▶ _The data_
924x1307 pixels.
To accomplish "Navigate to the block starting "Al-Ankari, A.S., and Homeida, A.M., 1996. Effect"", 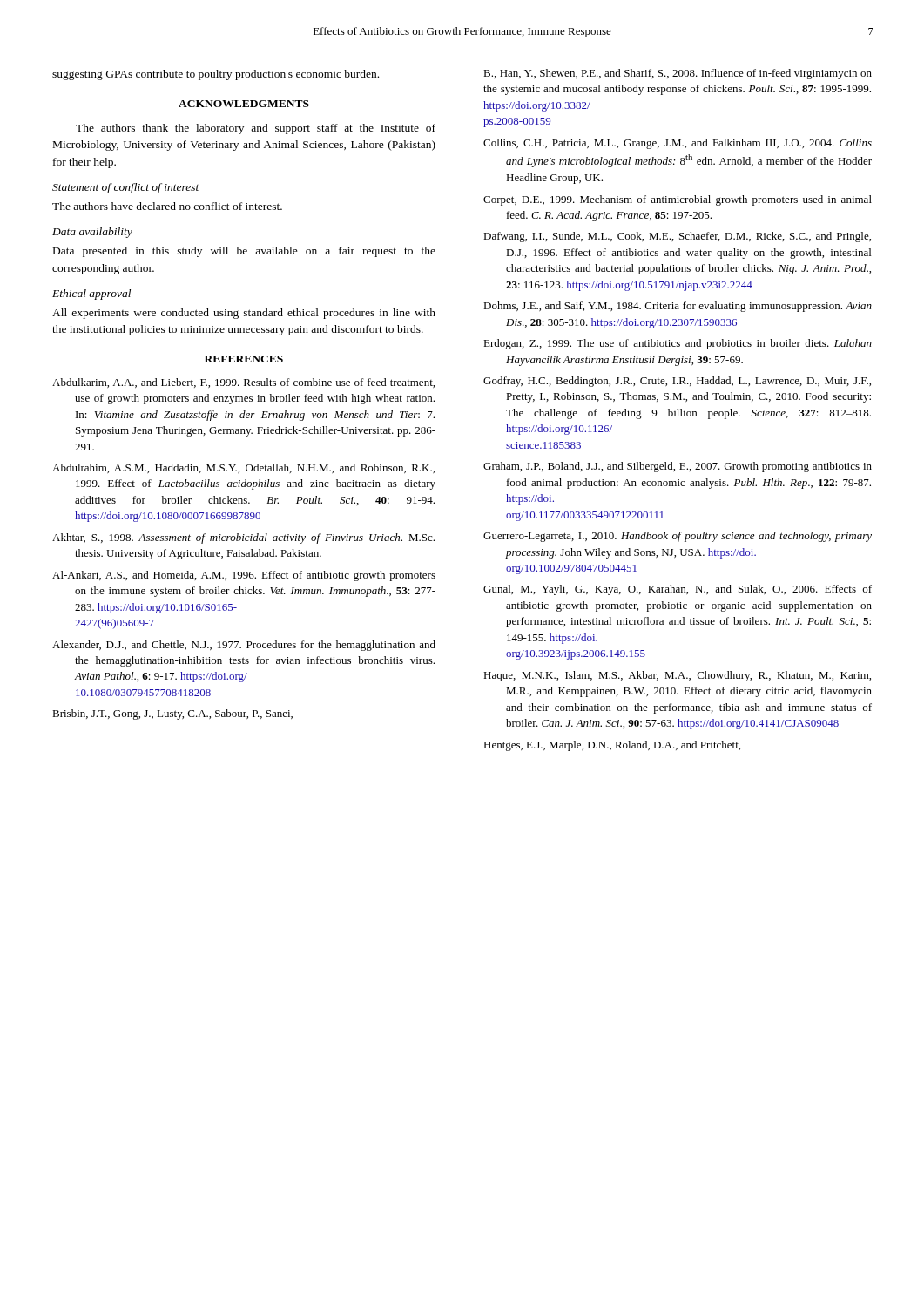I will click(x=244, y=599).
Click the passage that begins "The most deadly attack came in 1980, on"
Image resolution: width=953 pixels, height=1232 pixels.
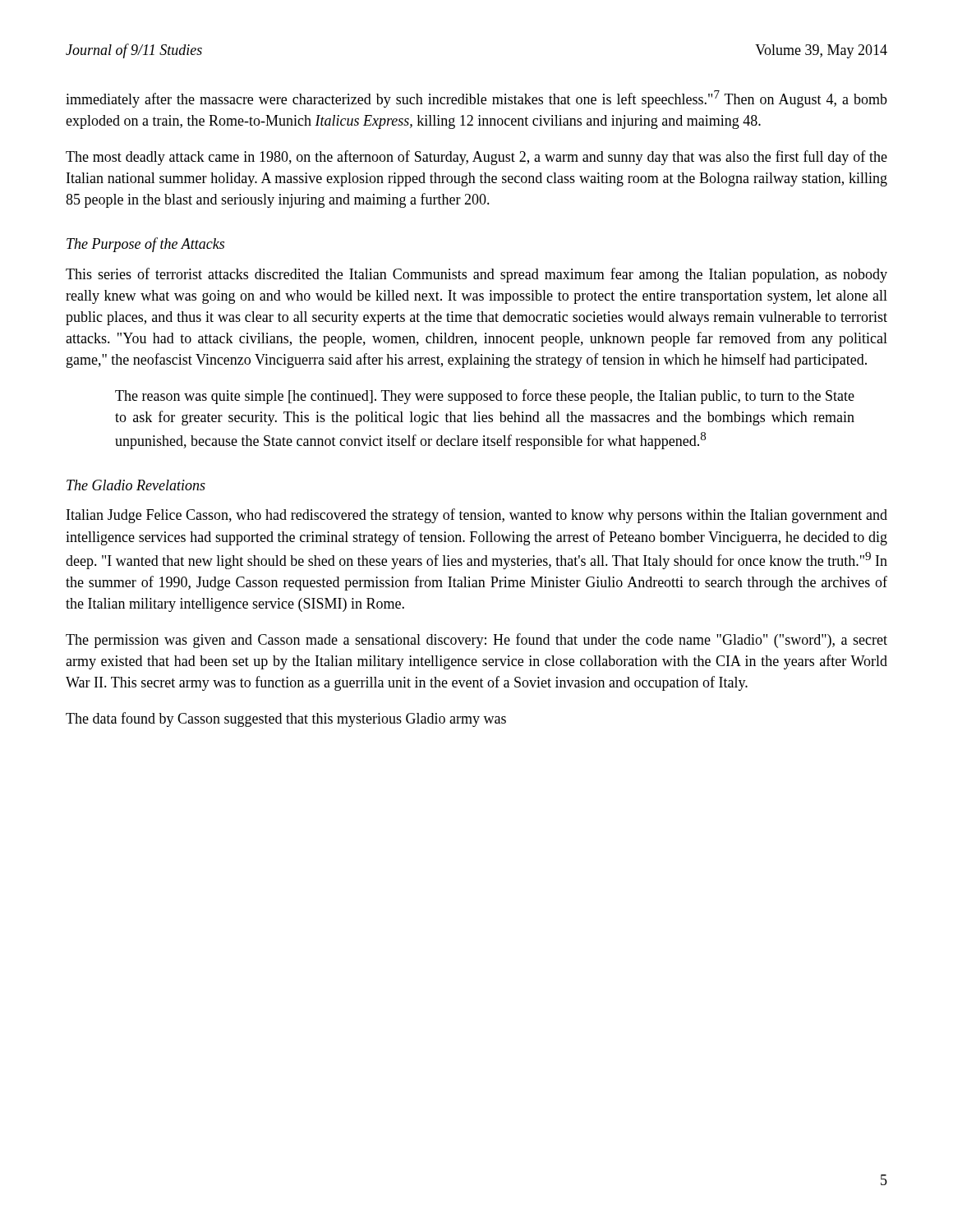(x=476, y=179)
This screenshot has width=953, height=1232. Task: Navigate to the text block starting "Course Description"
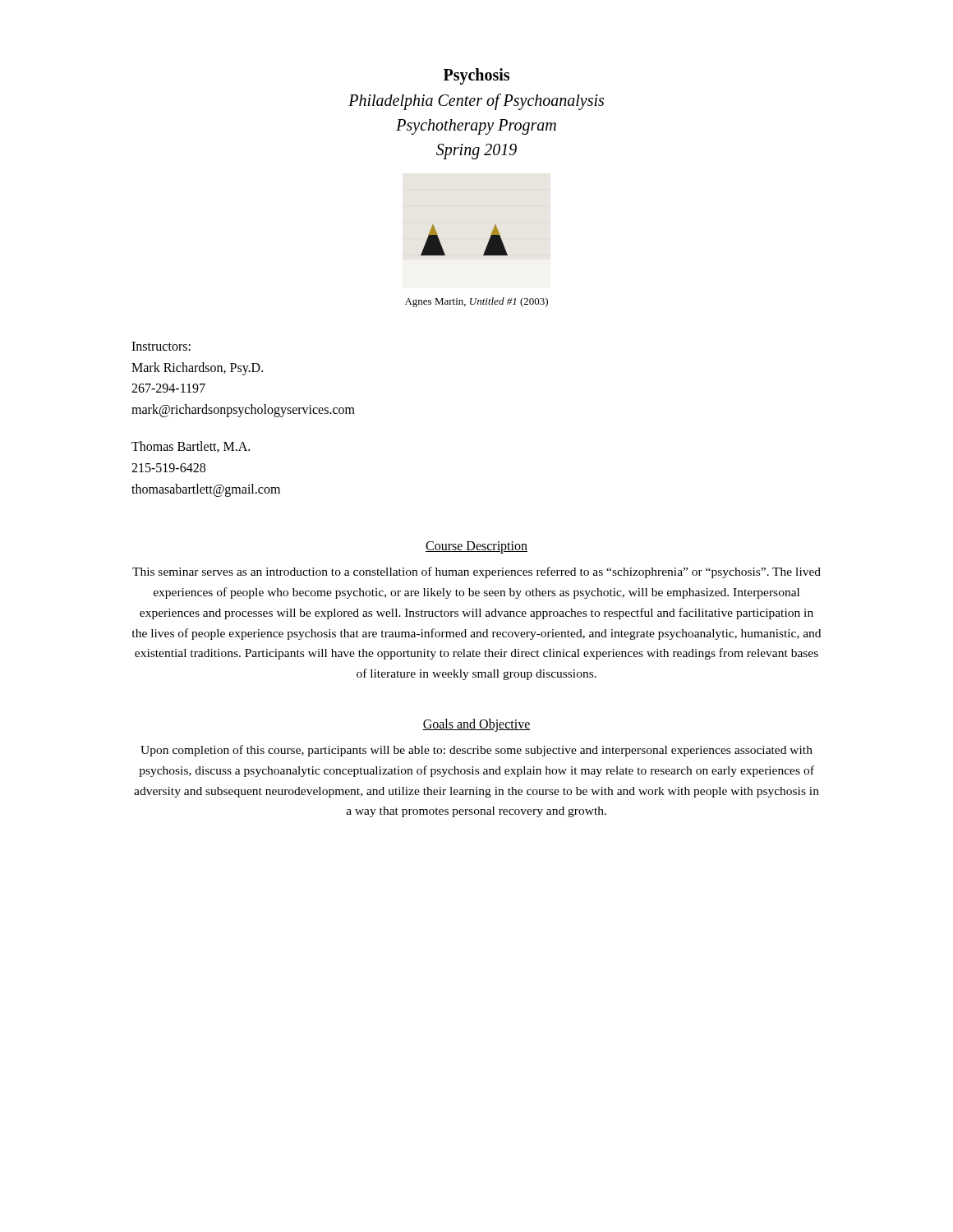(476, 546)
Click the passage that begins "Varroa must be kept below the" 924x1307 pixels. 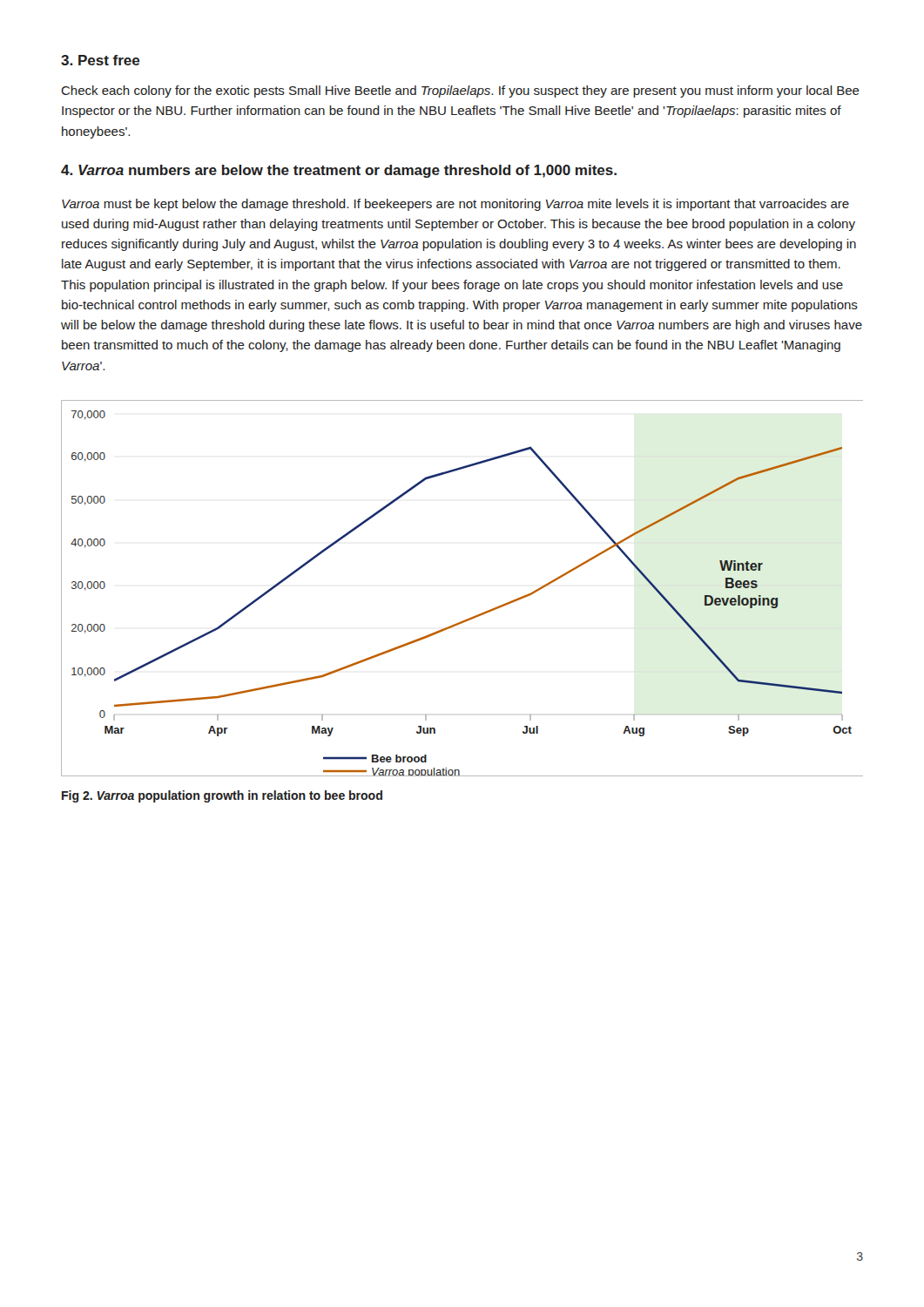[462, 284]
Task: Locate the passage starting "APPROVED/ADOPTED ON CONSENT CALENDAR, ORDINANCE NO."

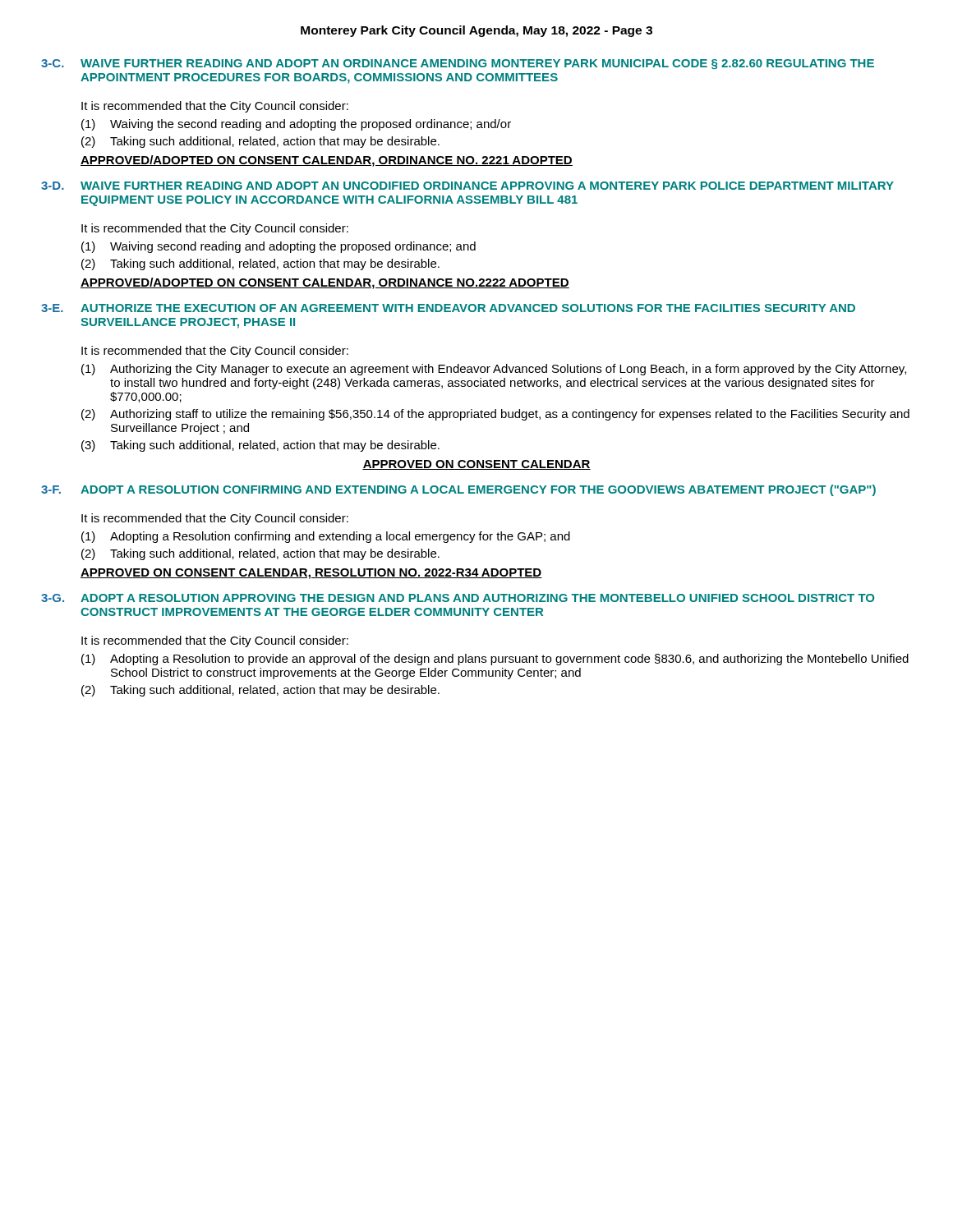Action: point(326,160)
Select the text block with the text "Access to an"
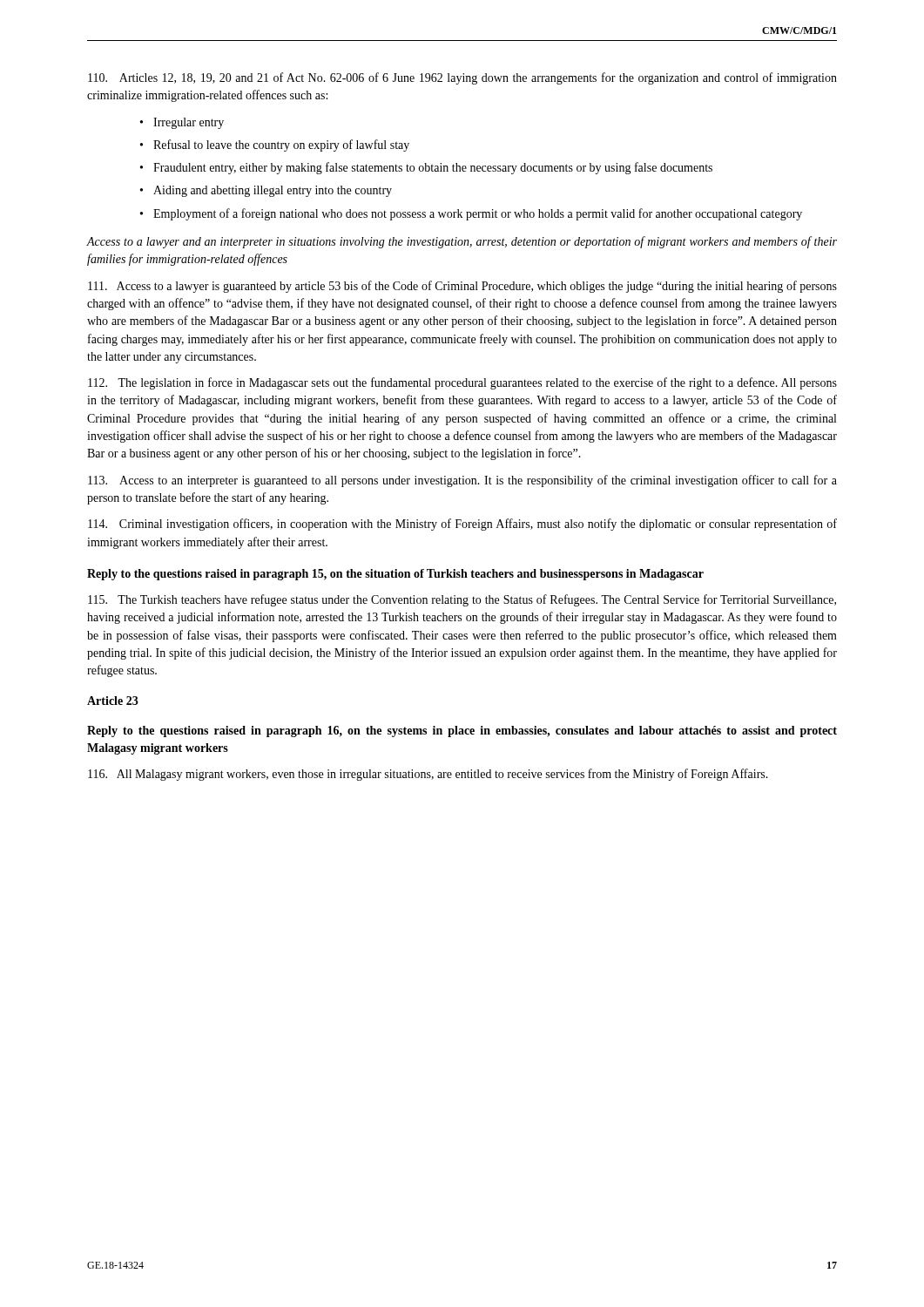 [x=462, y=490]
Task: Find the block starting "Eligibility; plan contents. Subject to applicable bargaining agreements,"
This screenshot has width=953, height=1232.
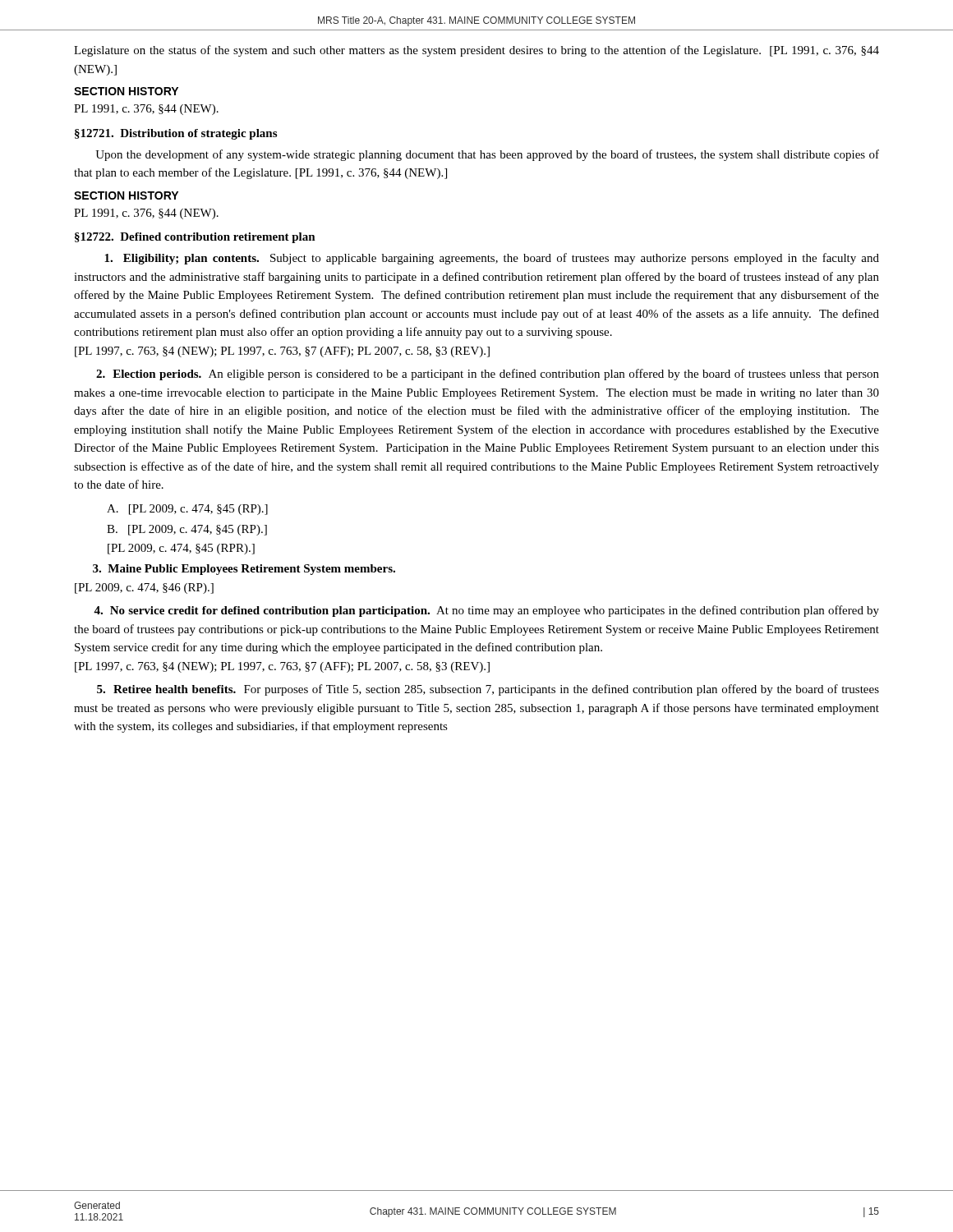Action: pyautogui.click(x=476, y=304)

▶ _Task objective_
The range to copy runs from the line with "Task: Find the" to the last line of the entries, both included; copy it exactly and leave out the pictures.

▶ _Answer section_
Task: Find the block starting "Eligibility; plan contents. Subject to applicable bargaining agreements,"
This screenshot has width=953, height=1232.
Action: pyautogui.click(x=476, y=304)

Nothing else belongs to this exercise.